Speaking from the White House on Thursday, Trump raised the possibility that he may still meet with Kim. “It’s possible that the existing summit could take place or a summit at some later date,” Trump said. “Nobody should be anxious.”

3. Was the decision coordinated with U.S. allies?

South Korean President Moon Jae-in, who has done more than any other leader to bring the United States and North Korea together, was in Washington this week. So was Japan’s Foreign Minister, Taro Kono. But Trump would not necessarily have consulted with the two countries before his announcement.

“This president does not seem to be playing with others,” Bergman says, noting that the announcement is particularly problematic for Moon, who has made reconciliation a cornerstone of his administration’s policy.

The Japanese, on the other hand, may quietly welcome the decision. Japan had been wary of the outcome of any summit, and Japanese Prime Minister Shinzo Abe has declined to meet with Kim.

“Shinzo Abe and (U.S. National Security Advisor) John Bolton are the two big winners today,” says Sean King, who served as a senior Commerce Department official in the Bush administration and is now an executive at Park Strategies. Bolton unnerved Pyongyang late last month when he spoke of imposing elaborate, up-front restrictions on the North akin to the Libya model and is already being blasted as the saboteur of the summit.

4. What about sanctions?

The United States already has formidable sanctions in place against North Korea. Advocates of isolating the regime argue that more U.S. pressure could be brought to bear by cracking down on Chinese banks facilitating North Korean sanctions evasion and by pressuring countries that play host to North Korean labourers to repatriate them ahead of the two-year timeline mandated by U.N. sanctions.

“Right now, there’s a lot more that the Trump administration could do,” says Anthony Ruggiero, a senior fellow at the Foundation for Defense of Democracies and a former Treasury Department sanctions official. “You have to back it up with real consequences if persons continue to do business with North Korea.”

Still, the success of any sanctions regime inevitably hinges on China’s willingness to squeeze its neighbour. China appears to have stepped up its enforcement of sanctions against the North, but its extensive business ties and expansive border with the country means Beijing can easily and quickly relax restrictions on the North Korean economy.

5. What’s next?

Trump could choose to send Secretary of State Mike Pompeo back to Pyongyang for more talks.

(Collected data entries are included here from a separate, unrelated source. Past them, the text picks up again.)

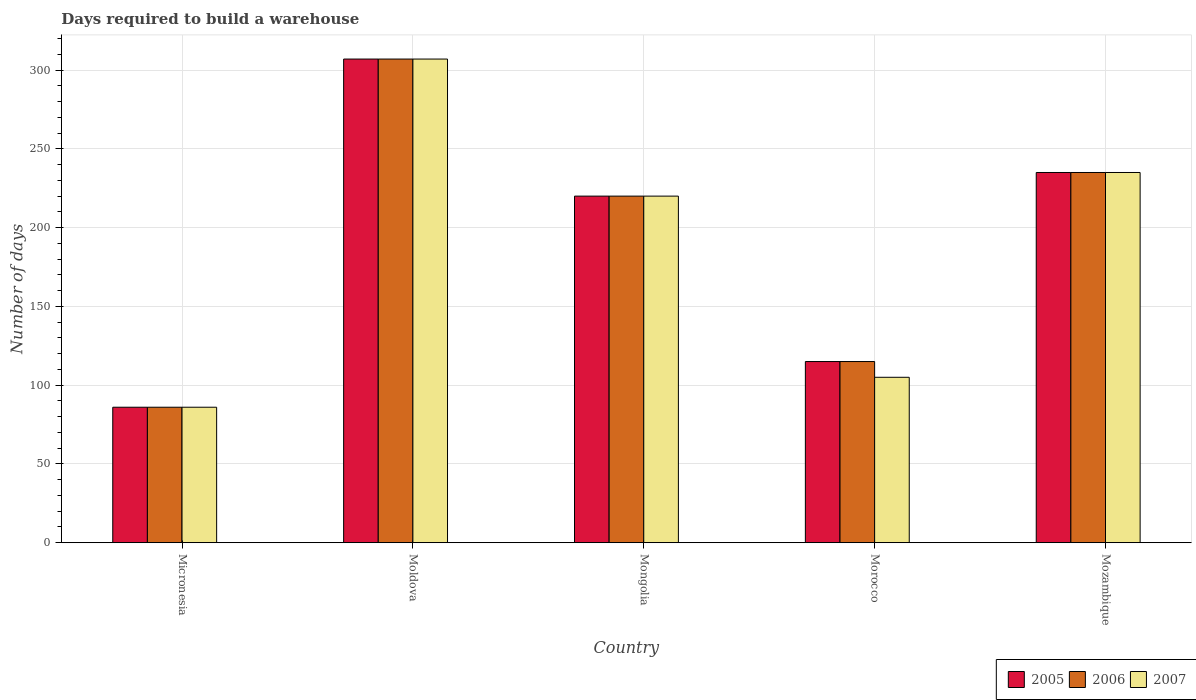How many different coloured bars are there?
Your answer should be compact. 3. How many groups of bars are there?
Your answer should be compact. 5. Are the number of bars on each tick of the X-axis equal?
Give a very brief answer. Yes. How many bars are there on the 2nd tick from the right?
Provide a short and direct response. 3. What is the label of the 5th group of bars from the left?
Give a very brief answer. Mozambique. In how many cases, is the number of bars for a given country not equal to the number of legend labels?
Make the answer very short. 0. What is the days required to build a warehouse in in 2006 in Mongolia?
Ensure brevity in your answer.  220. Across all countries, what is the maximum days required to build a warehouse in in 2005?
Provide a short and direct response. 307. Across all countries, what is the minimum days required to build a warehouse in in 2005?
Your response must be concise. 86. In which country was the days required to build a warehouse in in 2005 maximum?
Keep it short and to the point. Moldova. In which country was the days required to build a warehouse in in 2006 minimum?
Provide a succinct answer. Micronesia. What is the total days required to build a warehouse in in 2007 in the graph?
Offer a terse response. 953. What is the difference between the days required to build a warehouse in in 2007 in Mongolia and that in Morocco?
Offer a terse response. 115. What is the average days required to build a warehouse in in 2006 per country?
Provide a short and direct response. 192.6. What is the difference between the days required to build a warehouse in of/in 2007 and days required to build a warehouse in of/in 2005 in Mozambique?
Your response must be concise. 0. In how many countries, is the days required to build a warehouse in in 2005 greater than 280 days?
Ensure brevity in your answer.  1. What is the ratio of the days required to build a warehouse in in 2007 in Mongolia to that in Morocco?
Keep it short and to the point. 2.1. Is the days required to build a warehouse in in 2005 in Micronesia less than that in Mongolia?
Ensure brevity in your answer.  Yes. Is the difference between the days required to build a warehouse in in 2007 in Micronesia and Mongolia greater than the difference between the days required to build a warehouse in in 2005 in Micronesia and Mongolia?
Your response must be concise. No. What is the difference between the highest and the second highest days required to build a warehouse in in 2005?
Your answer should be compact. 87. What is the difference between the highest and the lowest days required to build a warehouse in in 2005?
Your response must be concise. 221. Is the sum of the days required to build a warehouse in in 2007 in Morocco and Mozambique greater than the maximum days required to build a warehouse in in 2005 across all countries?
Keep it short and to the point. Yes. Is it the case that in every country, the sum of the days required to build a warehouse in in 2005 and days required to build a warehouse in in 2006 is greater than the days required to build a warehouse in in 2007?
Give a very brief answer. Yes. How many bars are there?
Your answer should be compact. 15. What is the difference between two consecutive major ticks on the Y-axis?
Provide a succinct answer. 50. How many legend labels are there?
Keep it short and to the point. 3. What is the title of the graph?
Offer a terse response. Days required to build a warehouse. Does "1961" appear as one of the legend labels in the graph?
Make the answer very short. No. What is the label or title of the Y-axis?
Offer a terse response. Number of days. What is the Number of days of 2005 in Micronesia?
Your answer should be very brief. 86. What is the Number of days of 2007 in Micronesia?
Provide a short and direct response. 86. What is the Number of days in 2005 in Moldova?
Provide a succinct answer. 307. What is the Number of days in 2006 in Moldova?
Provide a succinct answer. 307. What is the Number of days of 2007 in Moldova?
Keep it short and to the point. 307. What is the Number of days in 2005 in Mongolia?
Your response must be concise. 220. What is the Number of days in 2006 in Mongolia?
Provide a short and direct response. 220. What is the Number of days in 2007 in Mongolia?
Your response must be concise. 220. What is the Number of days of 2005 in Morocco?
Offer a very short reply. 115. What is the Number of days of 2006 in Morocco?
Provide a short and direct response. 115. What is the Number of days of 2007 in Morocco?
Provide a short and direct response. 105. What is the Number of days in 2005 in Mozambique?
Provide a succinct answer. 235. What is the Number of days of 2006 in Mozambique?
Give a very brief answer. 235. What is the Number of days in 2007 in Mozambique?
Make the answer very short. 235. Across all countries, what is the maximum Number of days in 2005?
Your response must be concise. 307. Across all countries, what is the maximum Number of days in 2006?
Keep it short and to the point. 307. Across all countries, what is the maximum Number of days of 2007?
Make the answer very short. 307. Across all countries, what is the minimum Number of days of 2005?
Keep it short and to the point. 86. Across all countries, what is the minimum Number of days of 2006?
Keep it short and to the point. 86. What is the total Number of days in 2005 in the graph?
Offer a very short reply. 963. What is the total Number of days of 2006 in the graph?
Your answer should be very brief. 963. What is the total Number of days of 2007 in the graph?
Your response must be concise. 953. What is the difference between the Number of days of 2005 in Micronesia and that in Moldova?
Provide a short and direct response. -221. What is the difference between the Number of days of 2006 in Micronesia and that in Moldova?
Make the answer very short. -221. What is the difference between the Number of days of 2007 in Micronesia and that in Moldova?
Provide a short and direct response. -221. What is the difference between the Number of days in 2005 in Micronesia and that in Mongolia?
Your answer should be compact. -134. What is the difference between the Number of days of 2006 in Micronesia and that in Mongolia?
Make the answer very short. -134. What is the difference between the Number of days in 2007 in Micronesia and that in Mongolia?
Offer a very short reply. -134. What is the difference between the Number of days in 2005 in Micronesia and that in Mozambique?
Your answer should be very brief. -149. What is the difference between the Number of days in 2006 in Micronesia and that in Mozambique?
Provide a short and direct response. -149. What is the difference between the Number of days in 2007 in Micronesia and that in Mozambique?
Ensure brevity in your answer.  -149. What is the difference between the Number of days of 2005 in Moldova and that in Mongolia?
Offer a very short reply. 87. What is the difference between the Number of days of 2006 in Moldova and that in Mongolia?
Offer a terse response. 87. What is the difference between the Number of days of 2007 in Moldova and that in Mongolia?
Ensure brevity in your answer.  87. What is the difference between the Number of days in 2005 in Moldova and that in Morocco?
Ensure brevity in your answer.  192. What is the difference between the Number of days in 2006 in Moldova and that in Morocco?
Keep it short and to the point. 192. What is the difference between the Number of days of 2007 in Moldova and that in Morocco?
Ensure brevity in your answer.  202. What is the difference between the Number of days in 2005 in Moldova and that in Mozambique?
Your answer should be compact. 72. What is the difference between the Number of days of 2005 in Mongolia and that in Morocco?
Offer a very short reply. 105. What is the difference between the Number of days of 2006 in Mongolia and that in Morocco?
Give a very brief answer. 105. What is the difference between the Number of days in 2007 in Mongolia and that in Morocco?
Your answer should be very brief. 115. What is the difference between the Number of days in 2006 in Mongolia and that in Mozambique?
Your answer should be very brief. -15. What is the difference between the Number of days in 2005 in Morocco and that in Mozambique?
Give a very brief answer. -120. What is the difference between the Number of days of 2006 in Morocco and that in Mozambique?
Offer a terse response. -120. What is the difference between the Number of days of 2007 in Morocco and that in Mozambique?
Offer a terse response. -130. What is the difference between the Number of days in 2005 in Micronesia and the Number of days in 2006 in Moldova?
Keep it short and to the point. -221. What is the difference between the Number of days in 2005 in Micronesia and the Number of days in 2007 in Moldova?
Your response must be concise. -221. What is the difference between the Number of days in 2006 in Micronesia and the Number of days in 2007 in Moldova?
Ensure brevity in your answer.  -221. What is the difference between the Number of days of 2005 in Micronesia and the Number of days of 2006 in Mongolia?
Make the answer very short. -134. What is the difference between the Number of days of 2005 in Micronesia and the Number of days of 2007 in Mongolia?
Provide a succinct answer. -134. What is the difference between the Number of days of 2006 in Micronesia and the Number of days of 2007 in Mongolia?
Your response must be concise. -134. What is the difference between the Number of days of 2005 in Micronesia and the Number of days of 2006 in Morocco?
Keep it short and to the point. -29. What is the difference between the Number of days of 2005 in Micronesia and the Number of days of 2007 in Morocco?
Your answer should be very brief. -19. What is the difference between the Number of days of 2005 in Micronesia and the Number of days of 2006 in Mozambique?
Provide a short and direct response. -149. What is the difference between the Number of days of 2005 in Micronesia and the Number of days of 2007 in Mozambique?
Provide a short and direct response. -149. What is the difference between the Number of days in 2006 in Micronesia and the Number of days in 2007 in Mozambique?
Provide a short and direct response. -149. What is the difference between the Number of days in 2005 in Moldova and the Number of days in 2006 in Mongolia?
Offer a terse response. 87. What is the difference between the Number of days in 2005 in Moldova and the Number of days in 2006 in Morocco?
Keep it short and to the point. 192. What is the difference between the Number of days in 2005 in Moldova and the Number of days in 2007 in Morocco?
Provide a succinct answer. 202. What is the difference between the Number of days of 2006 in Moldova and the Number of days of 2007 in Morocco?
Provide a short and direct response. 202. What is the difference between the Number of days of 2005 in Moldova and the Number of days of 2007 in Mozambique?
Give a very brief answer. 72. What is the difference between the Number of days of 2006 in Moldova and the Number of days of 2007 in Mozambique?
Your answer should be compact. 72. What is the difference between the Number of days of 2005 in Mongolia and the Number of days of 2006 in Morocco?
Your answer should be compact. 105. What is the difference between the Number of days of 2005 in Mongolia and the Number of days of 2007 in Morocco?
Offer a very short reply. 115. What is the difference between the Number of days of 2006 in Mongolia and the Number of days of 2007 in Morocco?
Make the answer very short. 115. What is the difference between the Number of days in 2005 in Mongolia and the Number of days in 2007 in Mozambique?
Offer a very short reply. -15. What is the difference between the Number of days of 2005 in Morocco and the Number of days of 2006 in Mozambique?
Your response must be concise. -120. What is the difference between the Number of days of 2005 in Morocco and the Number of days of 2007 in Mozambique?
Provide a succinct answer. -120. What is the difference between the Number of days of 2006 in Morocco and the Number of days of 2007 in Mozambique?
Offer a terse response. -120. What is the average Number of days in 2005 per country?
Provide a succinct answer. 192.6. What is the average Number of days of 2006 per country?
Your answer should be compact. 192.6. What is the average Number of days of 2007 per country?
Offer a terse response. 190.6. What is the difference between the Number of days in 2005 and Number of days in 2006 in Micronesia?
Keep it short and to the point. 0. What is the difference between the Number of days of 2006 and Number of days of 2007 in Micronesia?
Your answer should be very brief. 0. What is the difference between the Number of days of 2005 and Number of days of 2007 in Moldova?
Your answer should be very brief. 0. What is the difference between the Number of days in 2005 and Number of days in 2006 in Mongolia?
Offer a very short reply. 0. What is the difference between the Number of days of 2006 and Number of days of 2007 in Mongolia?
Your answer should be very brief. 0. What is the difference between the Number of days in 2005 and Number of days in 2006 in Morocco?
Make the answer very short. 0. What is the difference between the Number of days in 2005 and Number of days in 2007 in Morocco?
Your answer should be very brief. 10. What is the difference between the Number of days of 2005 and Number of days of 2007 in Mozambique?
Provide a short and direct response. 0. What is the difference between the Number of days in 2006 and Number of days in 2007 in Mozambique?
Provide a succinct answer. 0. What is the ratio of the Number of days in 2005 in Micronesia to that in Moldova?
Keep it short and to the point. 0.28. What is the ratio of the Number of days of 2006 in Micronesia to that in Moldova?
Your answer should be compact. 0.28. What is the ratio of the Number of days in 2007 in Micronesia to that in Moldova?
Your response must be concise. 0.28. What is the ratio of the Number of days in 2005 in Micronesia to that in Mongolia?
Provide a short and direct response. 0.39. What is the ratio of the Number of days of 2006 in Micronesia to that in Mongolia?
Your response must be concise. 0.39. What is the ratio of the Number of days of 2007 in Micronesia to that in Mongolia?
Your answer should be compact. 0.39. What is the ratio of the Number of days in 2005 in Micronesia to that in Morocco?
Provide a short and direct response. 0.75. What is the ratio of the Number of days of 2006 in Micronesia to that in Morocco?
Offer a very short reply. 0.75. What is the ratio of the Number of days in 2007 in Micronesia to that in Morocco?
Provide a succinct answer. 0.82. What is the ratio of the Number of days in 2005 in Micronesia to that in Mozambique?
Your answer should be very brief. 0.37. What is the ratio of the Number of days of 2006 in Micronesia to that in Mozambique?
Provide a short and direct response. 0.37. What is the ratio of the Number of days of 2007 in Micronesia to that in Mozambique?
Keep it short and to the point. 0.37. What is the ratio of the Number of days in 2005 in Moldova to that in Mongolia?
Provide a succinct answer. 1.4. What is the ratio of the Number of days in 2006 in Moldova to that in Mongolia?
Provide a succinct answer. 1.4. What is the ratio of the Number of days of 2007 in Moldova to that in Mongolia?
Your answer should be compact. 1.4. What is the ratio of the Number of days of 2005 in Moldova to that in Morocco?
Your response must be concise. 2.67. What is the ratio of the Number of days of 2006 in Moldova to that in Morocco?
Ensure brevity in your answer.  2.67. What is the ratio of the Number of days of 2007 in Moldova to that in Morocco?
Your response must be concise. 2.92. What is the ratio of the Number of days of 2005 in Moldova to that in Mozambique?
Your answer should be very brief. 1.31. What is the ratio of the Number of days of 2006 in Moldova to that in Mozambique?
Your response must be concise. 1.31. What is the ratio of the Number of days of 2007 in Moldova to that in Mozambique?
Your response must be concise. 1.31. What is the ratio of the Number of days in 2005 in Mongolia to that in Morocco?
Provide a succinct answer. 1.91. What is the ratio of the Number of days in 2006 in Mongolia to that in Morocco?
Ensure brevity in your answer.  1.91. What is the ratio of the Number of days of 2007 in Mongolia to that in Morocco?
Your answer should be compact. 2.1. What is the ratio of the Number of days of 2005 in Mongolia to that in Mozambique?
Ensure brevity in your answer.  0.94. What is the ratio of the Number of days of 2006 in Mongolia to that in Mozambique?
Your answer should be compact. 0.94. What is the ratio of the Number of days in 2007 in Mongolia to that in Mozambique?
Provide a succinct answer. 0.94. What is the ratio of the Number of days of 2005 in Morocco to that in Mozambique?
Provide a succinct answer. 0.49. What is the ratio of the Number of days of 2006 in Morocco to that in Mozambique?
Keep it short and to the point. 0.49. What is the ratio of the Number of days in 2007 in Morocco to that in Mozambique?
Provide a short and direct response. 0.45. What is the difference between the highest and the second highest Number of days of 2005?
Your answer should be very brief. 72. What is the difference between the highest and the second highest Number of days in 2007?
Your answer should be compact. 72. What is the difference between the highest and the lowest Number of days of 2005?
Your answer should be very brief. 221. What is the difference between the highest and the lowest Number of days in 2006?
Make the answer very short. 221. What is the difference between the highest and the lowest Number of days of 2007?
Provide a succinct answer. 221.

Pompeo made to two trips to North Korea in the past two months and managed to negotiate the release of three American captives held there. But much depends on how Kim responds to Trump’s announcement.

Robert Manning, a resident senior fellow at the Atlantic Council, says the effort at reconciliation had been undermined by sound bites and ultimatums.

“This is sort of what happens when you do diplomacy backwards, upside down, by a megaphone,” he says, mentioning Trump’s “constant tweets.”

Bergman suggests that the summit might still go ahead but without a prior announcement — taking some of the scrutiny off the two leaders ahead of the meeting.

6. What about those coins?

In what will certainly go down as an embarrassing example of the proverbial cart going before the horse, the White House minted dozens of commemorative coins ahead of the summit, embossed with the words “peace talks” and headshots of Trump and Kim. If the two leaders eventually meet, the coins will be handed out to members of the delegations and sold at the White House gift shop. If not, look for them on eBay.